OpenTelemtry Metrics Office Hours in 10 minutes
When using OpenTelemetry together with a database (e.g. PostgreSQL) it would be extremely helpful to be able to retrieve extended information about a problematic query sometimes. There are multiple alternatives:
The database uses OTel in its codebase, providing a configuration parameter for when to add extended information (e.g. PostgreSQL's auto_explain 2s could set the record span bit to 1 for all queries using more than 2s, and add an annotation/attribute/event with the EXPLAIN output to the span). Most queries would not have a span from the database side.
Always run the span in the database, and EXPLAIN output if the query duration is longer than auto_explain's 2s.
some other mechanism?
Will there be other mechanisms that controls when the spans are recorded?

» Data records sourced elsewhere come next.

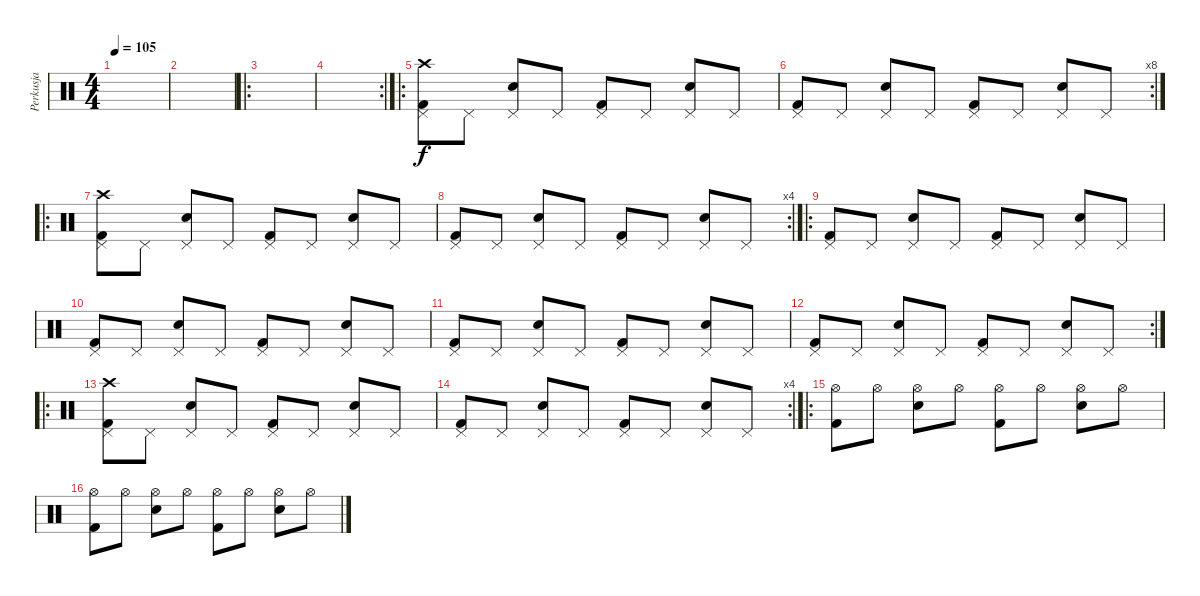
\track ("Perkusja" "Perkusja") {instrument percussion}
\staff {score}
\articulation defaults
\ts (4 4)
\tempo 105
\clef neutral
\ks c
|
|
\ro
|
\rc 2
|
\ro
("Crash high (hit)" "Kick (hit) 2" "Pedal Hi-Hat (hit)").8 "Pedal Hi-Hat (hit)".8 ("Snare (hit) 2" "Pedal Hi-Hat (hit)").8 "Pedal Hi-Hat (hit)".8 ("Kick (hit) 2" "Pedal Hi-Hat (hit)").8 "Pedal Hi-Hat (hit)".8 ("Snare (hit) 2" "Pedal Hi-Hat (hit)").8 "Pedal Hi-Hat (hit)".8 |
\rc 8
("Kick (hit) 2" "Pedal Hi-Hat (hit)").8 "Pedal Hi-Hat (hit)".8 ("Snare (hit) 2" "Pedal Hi-Hat (hit)").8 "Pedal Hi-Hat (hit)".8 ("Kick (hit) 2" "Pedal Hi-Hat (hit)").8 "Pedal Hi-Hat (hit)".8 ("Snare (hit) 2" "Pedal Hi-Hat (hit)").8 "Pedal Hi-Hat (hit)".8 |
\ro
("Crash high (hit)" "Kick (hit) 2" "Pedal Hi-Hat (hit)").8 "Pedal Hi-Hat (hit)".8 ("Snare (hit) 2" "Pedal Hi-Hat (hit)").8 "Pedal Hi-Hat (hit)".8 ("Kick (hit) 2" "Pedal Hi-Hat (hit)").8 "Pedal Hi-Hat (hit)".8 ("Snare (hit) 2" "Pedal Hi-Hat (hit)").8 "Pedal Hi-Hat (hit)".8 |
\rc 4
("Kick (hit) 2" "Pedal Hi-Hat (hit)").8 "Pedal Hi-Hat (hit)".8 ("Snare (hit) 2" "Pedal Hi-Hat (hit)").8 "Pedal Hi-Hat (hit)".8 ("Kick (hit) 2" "Pedal Hi-Hat (hit)").8 "Pedal Hi-Hat (hit)".8 ("Snare (hit) 2" "Pedal Hi-Hat (hit)").8 "Pedal Hi-Hat (hit)".8 |
\ro
("Kick (hit) 2" "Pedal Hi-Hat (hit)").8 "Pedal Hi-Hat (hit)".8 ("Snare (hit) 2" "Pedal Hi-Hat (hit)").8 "Pedal Hi-Hat (hit)".8 ("Kick (hit) 2" "Pedal Hi-Hat (hit)").8 "Pedal Hi-Hat (hit)".8 ("Snare (hit) 2" "Pedal Hi-Hat (hit)").8 "Pedal Hi-Hat (hit)".8 |
("Kick (hit) 2" "Pedal Hi-Hat (hit)").8 "Pedal Hi-Hat (hit)".8 ("Snare (hit) 2" "Pedal Hi-Hat (hit)").8 "Pedal Hi-Hat (hit)".8 ("Kick (hit) 2" "Pedal Hi-Hat (hit)").8 "Pedal Hi-Hat (hit)".8 ("Snare (hit) 2" "Pedal Hi-Hat (hit)").8 "Pedal Hi-Hat (hit)".8 |
("Kick (hit) 2" "Pedal Hi-Hat (hit)").8 "Pedal Hi-Hat (hit)".8 ("Snare (hit) 2" "Pedal Hi-Hat (hit)").8 "Pedal Hi-Hat (hit)".8 ("Kick (hit) 2" "Pedal Hi-Hat (hit)").8 "Pedal Hi-Hat (hit)".8 ("Snare (hit) 2" "Pedal Hi-Hat (hit)").8 "Pedal Hi-Hat (hit)".8 |
\rc 2
("Kick (hit) 2" "Pedal Hi-Hat (hit)").8 "Pedal Hi-Hat (hit)".8 ("Snare (hit) 2" "Pedal Hi-Hat (hit)").8 "Pedal Hi-Hat (hit)".8 ("Kick (hit) 2" "Pedal Hi-Hat (hit)").8 "Pedal Hi-Hat (hit)".8 ("Snare (hit) 2" "Pedal Hi-Hat (hit)").8 "Pedal Hi-Hat (hit)".8 |
\ro
("Crash high (hit)" "Kick (hit) 2" "Pedal Hi-Hat (hit)").8 "Pedal Hi-Hat (hit)".8 ("Snare (hit) 2" "Pedal Hi-Hat (hit)").8 "Pedal Hi-Hat (hit)".8 ("Kick (hit) 2" "Pedal Hi-Hat (hit)").8 "Pedal Hi-Hat (hit)".8 ("Snare (hit) 2" "Pedal Hi-Hat (hit)").8 "Pedal Hi-Hat (hit)".8 |
\rc 4
("Kick (hit) 2" "Pedal Hi-Hat (hit)").8 "Pedal Hi-Hat (hit)".8 ("Snare (hit) 2" "Pedal Hi-Hat (hit)").8 "Pedal Hi-Hat (hit)".8 ("Kick (hit) 2" "Pedal Hi-Hat (hit)").8 "Pedal Hi-Hat (hit)".8 ("Snare (hit) 2" "Pedal Hi-Hat (hit)").8 "Pedal Hi-Hat (hit)".8 |
\ro
("Kick (hit) 2" "Hi-Hat (open)").8 "Hi-Hat (open)".8 ("Snare (hit) 2" "Hi-Hat (open)").8 "Hi-Hat (open)".8 ("Kick (hit) 2" "Hi-Hat (open)").8 "Hi-Hat (open)".8 ("Snare (hit) 2" "Hi-Hat (open)").8 "Hi-Hat (open)".8 |
("Kick (hit) 2" "Hi-Hat (open)").8 "Hi-Hat (open)".8 ("Snare (hit) 2" "Hi-Hat (open)").8 "Hi-Hat (open)".8 ("Kick (hit) 2" "Hi-Hat (open)").8 "Hi-Hat (open)".8 ("Snare (hit) 2" "Hi-Hat (open)").8 "Hi-Hat (open)".8

I think this kind of functionality could make profiling (simple/most) database query problems easier :) Also, I guess there is need for knobs to enable/disable certain traces when the application is not experiencing problems...
@meastp I would suggest that the solution is to have detailed and thorough semantic conventions for every common database. We’re actively working out what those conventions should be, so this is a good time to get involved.
Once we have specified a set of attributes for desribing common databases, filtering rules for those attributes can be specified as well. Filtering can then be installed at various points in the telemetry system; for example, as
spanprocessor plugins for every language, as config options for collectors and sidecars, or as content policies for L7 network proxies.